The genotypes for the fifth traits are Ee and ee. The gametes formed by these will be as follows.

$\begin{array}{cccc}\text{Genotype}& Ee& \times & ee\\ & & \downarrow & \\ \text{Gametes}& E,e& & e,e\end{array}$

The offspring obtained from crossing can be observed in the Punnett square in Table.5: “The progeny obtained by crossing Ee and ee”. There will be $\frac{2}{4}$ offspring which are homozygous recessive and the probability of having heterozygous offspring from fourth trait is $\frac{2}{4}$.

The probability of offspring heterozygous for all the traits can be calculated using the product rule that is by multiplying individual probabilities of heterozygotes for each trait.

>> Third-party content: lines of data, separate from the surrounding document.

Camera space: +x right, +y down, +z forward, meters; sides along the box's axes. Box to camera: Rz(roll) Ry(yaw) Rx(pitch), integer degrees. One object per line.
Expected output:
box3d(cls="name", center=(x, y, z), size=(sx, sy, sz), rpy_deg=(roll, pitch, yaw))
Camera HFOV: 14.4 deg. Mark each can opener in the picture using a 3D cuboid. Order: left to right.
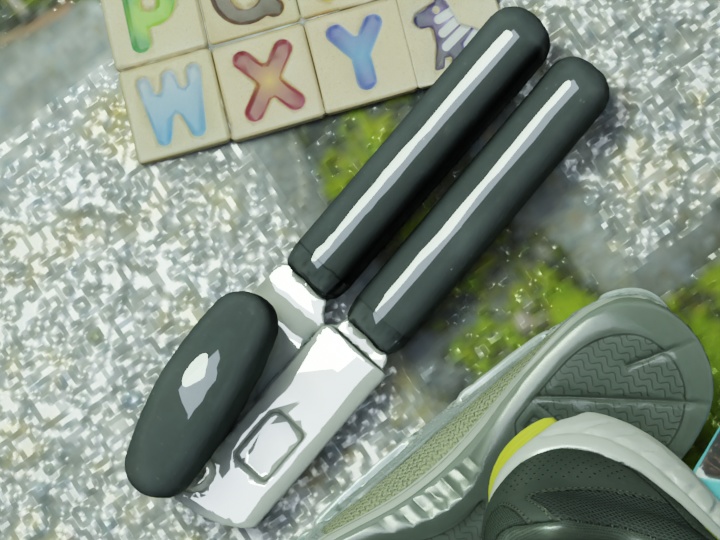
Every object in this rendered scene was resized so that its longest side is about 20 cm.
box3d(cls="can opener", center=(0.000, 0.000, 0.923), size=(0.053, 0.067, 0.200), rpy_deg=(41, 94, 11))

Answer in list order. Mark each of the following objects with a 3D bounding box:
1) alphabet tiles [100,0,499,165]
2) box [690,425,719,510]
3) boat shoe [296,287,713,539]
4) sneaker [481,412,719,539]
box3d(cls="alphabet tiles", center=(0.000, -0.141, 0.973), size=(0.199, 0.008, 0.168), rpy_deg=(-15, 80, 7))
box3d(cls="box", center=(0.205, 0.073, 0.848), size=(0.199, 0.082, 0.049), rpy_deg=(5, 116, 22))
box3d(cls="boat shoe", center=(0.031, 0.085, 0.916), size=(0.074, 0.065, 0.202), rpy_deg=(41, 96, -7))
box3d(cls="sneaker", center=(0.113, 0.121, 0.806), size=(0.199, 0.085, 0.075), rpy_deg=(32, 111, 8))

The probability of offspring heterozygous for all genes can be calculated as follows:

$\begin{array}{c}\left(\text{P}\right)\text{of offspring heterozygous for all genes}=\left(\text{P}\right){\text{ of offspring heterzygous for 1}}^{\text{st}}\text{ gene}\\ \times \left(\text{P}\right){\text{ of offspring heterzygous for 2}}^{\text{nd}}\text{ gene}\\ \times \left(\text{P}\right){\text{ of offspring heterzygous for 3}}^{\text{rd}}\text{ gene}\\ \times \left(\text{P}\right){\text{ of offspring heterzygous for 4}}^{\text{th}}\text{ gene}\\ \times \left(\text{P}\right){\text{of offspring heterzygous for 5}}^{\text{th}}\text{ gene}\\ =\frac{\text{4}}{\text{4}}\times \frac{\text{2}}{\text{4}}\times \frac{\text{2}}{\text{4}}\times \frac{\text{2}}{\text{4}}\times \frac{\text{2}}{\text{4}}\\ =\frac{\text{16}}{\text{256}}\\ =\frac{\text{1}}{\text{16}}\end{array}$

Conclusion

The probability of offspring heterozygous for all the genes is $\frac{1}{16}$.